- Theatrical release poster
- Directed by: Paul Bogart
- Written by: John Herman Shaner Al Ramrus
- Produced by: Herbert Hirschman Walter Mirisch
- Starring: Calvin Lockhart Janet MacLachlan James A. Watson Jr. Jeff Bridges
- Cinematography: Burnett Guffey
- Edited by: Bud Molin
- Music by: Dave Grusin
- Production company: The Mirisch Corporation
- Distributed by: United Artists
- Release date: April 29, 1970 (United States);
- Running time: 96 minutes
- Country: United States
- Language: English
- Budget: $1.6 million

= Halls of Anger =

1970 film by Paul Bogart

Halls of Anger is a 1970 American drama film directed by Paul Bogart, and starring Calvin Lockhart, Janet MacLachlan, Jeff Bridges (in his first credited role) and James A. Watson Jr.

==Plot==
A predominantly black high school is integrated by white students and trouble follows.

==Cast==
- Calvin Lockhart as Quincy Davis
- Janet MacLachlan as Lorraine Nash
- Jeff Bridges as Doug
- James A. Watson Jr. as J.T. Watson
- DeWayne Jessie as Lerone Johnson
- Ed Asner as Ernie McKay
- John McLiam as Boyd Wilkerson
- Rob Reiner as "Leaky" Couloris
- Patricia Stich as Sherry Vaughn
- Gary Tigerman as Buchavitch
- Paris Earl as Carter (credited as Paris Earle)
- Ta-Tanisha as Claudine
- Helen Kleeb as Rita Monahan
- Barry Brown as Winger

• Stunts by Stunt Coordinator Ernie Robinson

==Background==
The film was mostly filmed at Virgil Middle School in Los Angeles.

The film draws some comparisons to a contemporary television program, Room 222: A new, black teacher joins a southern California high school; an attractive, sympathetic black female member of staff shows romantic interest; a militant black student is frequently involved in situations; issues of racism and integration are featured. The film and television show even share actors (Ta-Tanisha, Helen Kleeb, Rob Reiner). However, while Room 222 is a comedy-drama, much milder in tone, Halls of Anger is purposefully aggressive, using deliberately controversial language and some forceful violence to highlight the very real and dangerous potential of unresolved racial conflict.

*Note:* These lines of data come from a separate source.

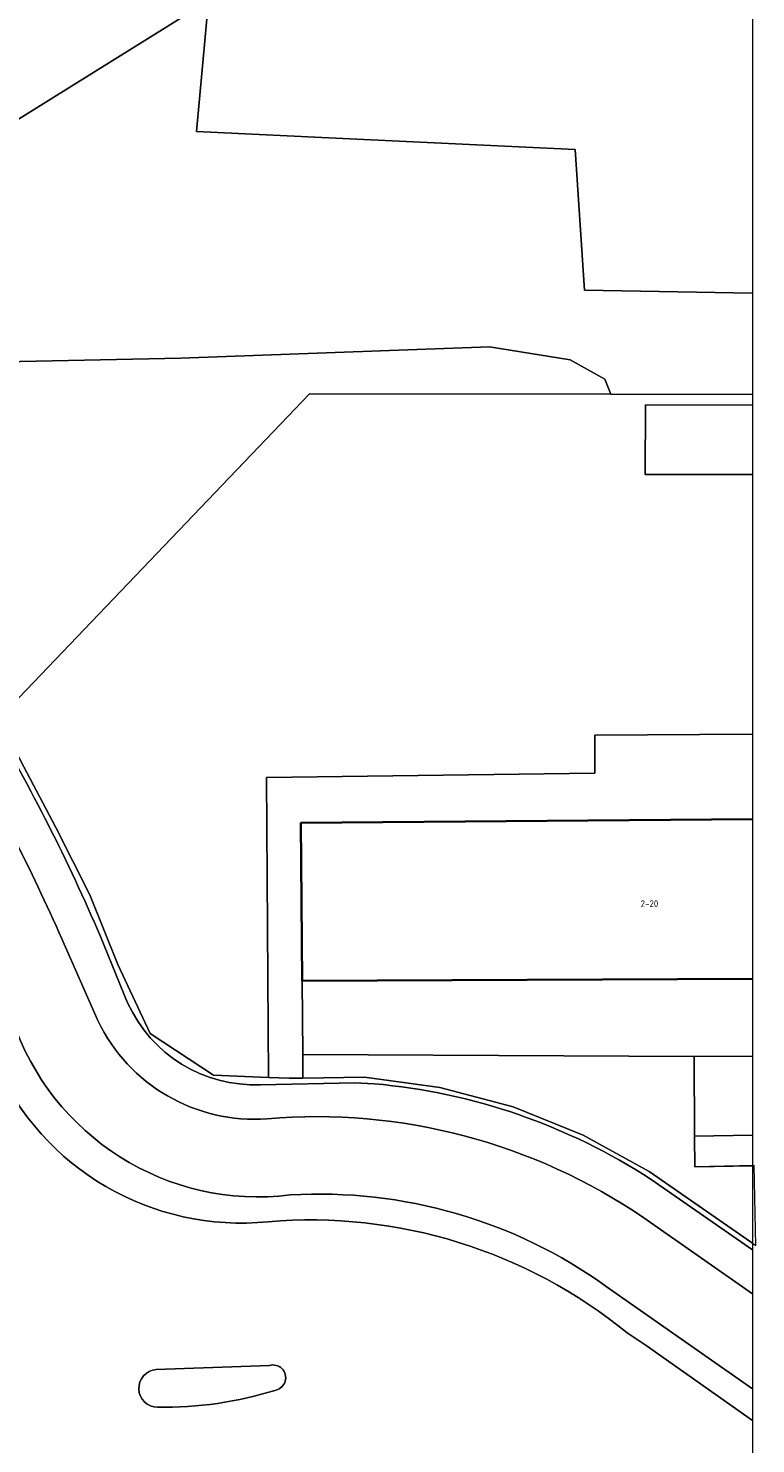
# Model space of a CAD drawing. Header units: metres. Extents: x 154991 to 155595, y 461305 to 461800.
# Tile 60 of 88: x 155546 to 155585, y 461479 to 461554. Entities that reach past the tile are written whole.
import ezdxf
from ezdxf.enums import TextEntityAlignment as Align

# ---------------------------------------------------------------- set-up
doc = ezdxf.new("R2010")
doc.units = ezdxf.units.M
for name, color, linetype, lineweight in [('B-WE-GR-BEPLANTING_CULTUUR_BOSPLANTSOEN-GV', 90, 'Continuous', 18), ('B-WE-GR-BEPLANTING_CULTUUR_HEESTERS-GV', 90, 'Continuous', 18), ('B-WE-GR-GROENVOORZIENING-GV', 80, 'Continuous', 18), ('B-WE-GR-HAAG-GV', 90, 'Continuous', 13), ('B-WE-IE-TERREINAFSCHEIDING_KUNSTMATIG_MUUR-G', 90, 'IE-TERREINAFSCHEIDING_KUNSTMATIG-SO', 18), ('B-WE-OG-BEBOUWING-GV', 7, 'Continuous', 35), ('B-WE-OG-BEBOUWING-T18', 10, 'Continuous', 18), ('B-WE-OG-TERREIN_BEGROEID-GV', 7, 'Continuous', 18), ('B-WE-OG-TERREIN_ERF-GV', 7, 'Continuous', 18), ('B-WE-VH-VERHARDING_ASFALT-GV', 252, 'Continuous', 18), ('B-WE-VH-VERHARDING_BETONSTRAATSTEEN-GV', 7, 'Continuous', 18), ('B-WE-VH-VERHARDING_TEGEL-GV', 252, 'Continuous', 18)]:
    doc.layers.add(name, color=color, linetype=linetype, lineweight=lineweight)
doc.layers.add('X-XX-AL-HULPLIJN-G', color=210, linetype='Continuous', lineweight=18, plot=False)
doc.styles.add('NLCS-ISO-M200-T18', font='NLCS-ISO.ttf', dxfattribs={"height": 0.36})
doc.linetypes.add('IE-TERREINAFSCHEIDING_KUNSTMATIG-SO', pattern='A,4,[82,NLCS.SHX,S=0.75,R=90,X=0,Y=0],4,-2', length=10)

msp = doc.modelspace()

# ---------------------------------------------------------------- linework, layer by layer
at = {"layer": 'B-WE-GR-BEPLANTING_CULTUUR_BOSPLANTSOEN-GV', "flags": 128}
msp.add_lwpolyline([(155584.678, 461540.309), (155575.79, 461540.469), (155575.299, 461547.925), (155562.998, 461548.507), (155555.242, 461548.866), (155555.888, 461555.793), (155542.291, 461547.337), (155539.082, 461551.621), (155534.452, 461540.982), (155530.883, 461541.022), (155529, 461540.653), (155530.31, 461538.728), (155530.327, 461538.702), (155532.924, 461537.744), (155538.271, 461536.615), (155545.908, 461536.682), (155554.418, 461536.868), (155570.763, 461537.469), (155575.022, 461536.782), (155576.87, 461535.745), (155577.182, 461534.957), (155584.678, 461534.938)], dxfattribs=at)
at = {"layer": 'B-WE-GR-BEPLANTING_CULTUUR_HEESTERS-GV'}
for points in [[(155544.285, 461517.834, -0.031955), (155550.168, 461506.224)], [(155551.605, 461502.712, 0.306359), (155558.636, 461498.374)], [(155564.646, 461498.423, -0.122856), (155579.321, 461493.35)]]:
    msp.add_lwpolyline(points, format="xyb", dxfattribs=at)
at = {"layer": 'B-WE-GR-BEPLANTING_CULTUUR_HEESTERS-GV', "flags": 128}
for points in [[(155584.678, 461489.97), (155579.212, 461493.77), (155575.715, 461495.704), (155572.013, 461497.207), (155568.137, 461498.218), (155564.15, 461498.765), (155560.881, 461498.723), (155560.16, 461498.714), (155559.064, 461498.76), (155556.154, 461498.881), (155552.794, 461501.077), (155551.091, 461504.748), (155549.596, 461508.427), (155547.811, 461512.002), (155545.936, 461515.54)], [(155550.168, 461506.224), (155551.605, 461502.712)], [(155558.636, 461498.374), (155563.634, 461498.471), (155564.646, 461498.423)], [(155579.321, 461493.35), (155584.678, 461489.63)]]:
    msp.add_lwpolyline(points, dxfattribs=at)
at = {"layer": 'B-WE-GR-GROENVOORZIENING-GV'}
for points in [[(155560.215, 461492.53, -0.35759), (155545.502, 461501.833)], [(155544.593, 461499.553, 0.325157), (155559.047, 461491.113)], [(155576.941, 461487.689, 0.172249), (155560.215, 461492.53)], [(155559.047, 461491.113, -0.194863), (155578.055, 461485.221)]]:
    msp.add_lwpolyline(points, format="xyb", dxfattribs=at)
at = {"layer": 'B-WE-GR-GROENVOORZIENING-GV', "flags": 128}
for points in [[(155584.678, 461482.267), (155576.941, 461487.689)], [(155578.055, 461485.221), (155579.048, 461484.551), (155584.678, 461480.589)]]:
    msp.add_lwpolyline(points, dxfattribs=at)
at = {"layer": 'B-WE-GR-HAAG-GV'}
for points in [[(155560.215, 461492.53, -0.35759), (155545.502, 461501.833)], [(155544.593, 461499.553, 0.325157), (155559.047, 461491.113)], [(155576.941, 461487.689, 0.172249), (155560.215, 461492.53)], [(155559.047, 461491.113, -0.194863), (155578.055, 461485.221)]]:
    msp.add_lwpolyline(points, format="xyb", dxfattribs=at)
at = {"layer": 'B-WE-GR-HAAG-GV', "flags": 128}
for points in [[(155584.678, 461482.267), (155576.941, 461487.689)], [(155578.055, 461485.221), (155579.048, 461484.551), (155584.678, 461480.589)]]:
    msp.add_lwpolyline(points, dxfattribs=at)
at = {"layer": 'B-WE-IE-TERREINAFSCHEIDING_KUNSTMATIG_MUUR-G', "flags": 128}
for points in [[(155544.673, 461517.675), (155545.936, 461515.54), (155547.811, 461512.002), (155549.596, 461508.427), (155551.091, 461504.748), (155552.794, 461501.077), (155556.154, 461498.881), (155559.064, 461498.76)], [(155559.064, 461498.76), (155560.16, 461498.714), (155560.881, 461498.723)], [(155560.881, 461498.723), (155564.15, 461498.765), (155568.137, 461498.218), (155572.013, 461497.207), (155575.715, 461495.704), (155579.212, 461493.77), (155584.85, 461489.851)]]:
    msp.add_lwpolyline(points, dxfattribs=at)
at = {"layer": 'B-WE-OG-BEBOUWING-GV', "flags": 128}
msp.add_lwpolyline([(155584.678, 461512.436), (155560.777, 461512.241), (155560.841, 461503.868), (155584.678, 461503.988)], dxfattribs=at)
at = {"layer": 'B-WE-OG-TERREIN_BEGROEID-GV', "flags": 128}
msp.add_lwpolyline([(155577.182, 461534.957), (155576.87, 461535.745), (155575.022, 461536.782), (155570.763, 461537.469), (155554.418, 461536.868), (155545.908, 461536.682), (155538.271, 461536.615), (155532.924, 461537.744), (155530.327, 461538.702), (155532.589, 461535.491), (155534.99, 461532.271), (155537.297, 461529.005), (155539.569, 461525.721), (155541.772, 461522.363), (155543.905, 461518.973), (155544.673, 461517.675), (155561.236, 461534.969)], close=True, dxfattribs=at)
at = {"layer": 'B-WE-OG-TERREIN_ERF-GV', "flags": 128}
for points in [[(155536.654, 461554.865), (155539.082, 461551.621), (155542.291, 461547.337), (155555.888, 461555.793), (155555.242, 461548.866), (155562.998, 461548.507), (155575.299, 461547.925), (155575.79, 461540.469), (155584.678, 461540.309)], [(155584.678, 461534.938), (155577.182, 461534.957), (155561.236, 461534.969), (155544.673, 461517.675), (155545.936, 461515.54), (155547.811, 461512.002), (155549.596, 461508.427), (155551.091, 461504.748), (155552.794, 461501.077), (155556.154, 461498.881), (155559.064, 461498.76), (155558.955, 461514.648), (155576.339, 461514.873), (155576.331, 461516.894), (155584.678, 461516.936)], [(155584.678, 461530.691), (155579.005, 461530.696), (155579.024, 461534.388), (155584.678, 461534.379)], [(155584.678, 461503.988), (155560.841, 461503.868), (155560.871, 461499.971), (155581.602, 461499.86), (155584.678, 461499.892)], [(155584.678, 461499.892), (155581.602, 461499.86), (155581.61, 461495.649), (155584.678, 461495.698)]]:
    msp.add_lwpolyline(points, dxfattribs=at)
msp.add_lwpolyline([(155581.61, 461495.649), (155581.602, 461499.86), (155560.871, 461499.971), (155560.881, 461498.723), (155564.15, 461498.765), (155568.137, 461498.218), (155572.013, 461497.207), (155575.715, 461495.704), (155579.212, 461493.77), (155584.85, 461489.851), (155584.772, 461494.085), (155581.636, 461494.028)], close=True, dxfattribs=at)
at = {"layer": 'B-WE-VH-VERHARDING_ASFALT-GV'}
for points in [[(155548.122, 461506.102, 0.029398), (155542.654, 461516.77)], [(155545.502, 461501.833, 0.35759), (155560.215, 461492.53)], [(155558.997, 461496.571, -0.309457), (155550.029, 461501.766)], [(155559.047, 461491.113, -0.325157), (155544.593, 461499.553)], [(155578.933, 461491.315, 0.172753), (155558.997, 461496.571)], [(155560.215, 461492.53, -0.172249), (155576.941, 461487.689)], [(155578.055, 461485.221, 0.194863), (155559.047, 461491.113)], [(155553.188, 461481.283, -0.955921), (155553.113, 461483.28)], [(155559.118, 461483.499, -1.016939), (155559.46, 461482.197)], [(155559.46, 461482.197, -0.08037), (155553.188, 461481.283)]]:
    msp.add_lwpolyline(points, format="xyb", dxfattribs=at)
at = {"layer": 'B-WE-VH-VERHARDING_ASFALT-GV', "flags": 128}
for points in [[(155550.029, 461501.766), (155548.122, 461506.102)], [(155584.678, 461487.285), (155578.933, 461491.315)], [(155576.941, 461487.689), (155584.678, 461482.267)], [(155584.678, 461480.589), (155579.048, 461484.551), (155578.055, 461485.221)], [(155553.113, 461483.28), (155559.118, 461483.499)]]:
    msp.add_lwpolyline(points, dxfattribs=at)
at = {"layer": 'B-WE-VH-VERHARDING_BETONSTRAATSTEEN-GV'}
for points in [[(155553.113, 461483.28, 0.955921), (155553.188, 461481.283)], [(155559.46, 461482.197, 1.016939), (155559.118, 461483.499)], [(155553.188, 461481.283, 0.08037), (155559.46, 461482.197)]]:
    msp.add_lwpolyline(points, format="xyb", dxfattribs=at)
at = {"layer": 'B-WE-VH-VERHARDING_BETONSTRAATSTEEN-GV', "flags": 128}
msp.add_lwpolyline([(155559.118, 461483.499), (155553.113, 461483.28)], dxfattribs=at)
at = {"layer": 'B-WE-VH-VERHARDING_TEGEL-GV', "flags": 128}
for points in [[(155584.678, 461534.379), (155579.024, 461534.388), (155579.005, 461530.696), (155584.678, 461530.691)], [(155584.678, 461516.936), (155576.331, 461516.894), (155576.339, 461514.873), (155558.955, 461514.648), (155559.064, 461498.76), (155560.16, 461498.714), (155560.881, 461498.723), (155560.871, 461499.971), (155560.841, 461503.868), (155560.777, 461512.241), (155584.678, 461512.436)], [(155551.605, 461502.712), (155550.168, 461506.224)], [(155548.122, 461506.102), (155550.029, 461501.766)], [(155564.646, 461498.423), (155563.634, 461498.471), (155558.636, 461498.374)], [(155584.678, 461495.698), (155581.61, 461495.649), (155581.636, 461494.028), (155584.678, 461494.083)], [(155584.678, 461489.63), (155579.321, 461493.35)], [(155578.933, 461491.315), (155584.678, 461487.285)]]:
    msp.add_lwpolyline(points, dxfattribs=at)
at = {"layer": 'B-WE-VH-VERHARDING_TEGEL-GV'}
for points in [[(155550.168, 461506.224, 0.031955), (155544.285, 461517.834)], [(155542.654, 461516.77, -0.029398), (155548.122, 461506.102)], [(155558.636, 461498.374, -0.306359), (155551.605, 461502.712)], [(155550.029, 461501.766, 0.309457), (155558.997, 461496.571)], [(155579.321, 461493.35, 0.122856), (155564.646, 461498.423)], [(155558.997, 461496.571, -0.172753), (155578.933, 461491.315)]]:
    msp.add_lwpolyline(points, format="xyb", dxfattribs=at)
at = {"layer": 'X-XX-AL-HULPLIJN-G'}
msp.add_lwpolyline([(155584.678, 461304.911), (155002.41, 461304.911), (155002.41, 461797.142), (155584.678, 461797.142)], close=True, dxfattribs=at)

# ---------------------------------------------------------------- texts
at = {"layer": 'B-WE-OG-BEBOUWING-T18', "style": 'NLCS-ISO-M200-T18'}
msp.add_text('2-20', height=0.36, rotation=0.3, dxfattribs=at).set_placement((155579.227, 461507.961), align=Align.MIDDLE)

doc.saveas('drawing.dxf')

The film production's behind-the-scenes tension was the subject of an article written by Budd Schulberg in the 21 August 1970 issue of LIFE.

==Reception==

===Critical response===
Roger Greenspun, the film critic for The New York Times, gave the film a mixed review, and wrote, "The picture initially portends sensationalism, with the racial scales reversed and the well-behaved white youngsters harassed and tormented by the black students. What steadies the whole thing is the excellent performance of Calvin Lockhart, as a sane, realistic Negro teacher who more or less holds together the teeming school and the picture itself...But the picture's urgent plea for racial sanity in the classroom is almost methodically blunted by the use of standard-seeming types. The few faculty whites are oafs or hard-heads. There is the pretty Negro teacher, nicely played by Janet MacLachlan, who supports and comforts Lockhart. As the fieriest black student and the spunkiest white newcomer, James A. Watson Jr. and Jeff Bridges do well in characterizations that rate more exploration."

Film critic Monica Sullivan praised the acting of Jeff Bridges, if not the film, "The young Bridges stands out in the cast, because his focus on his role is like a laser beam. He pours 100% of his energy into making his character believable and it is. The making of Halls Of Anger might be a more riveting experience than the film itself."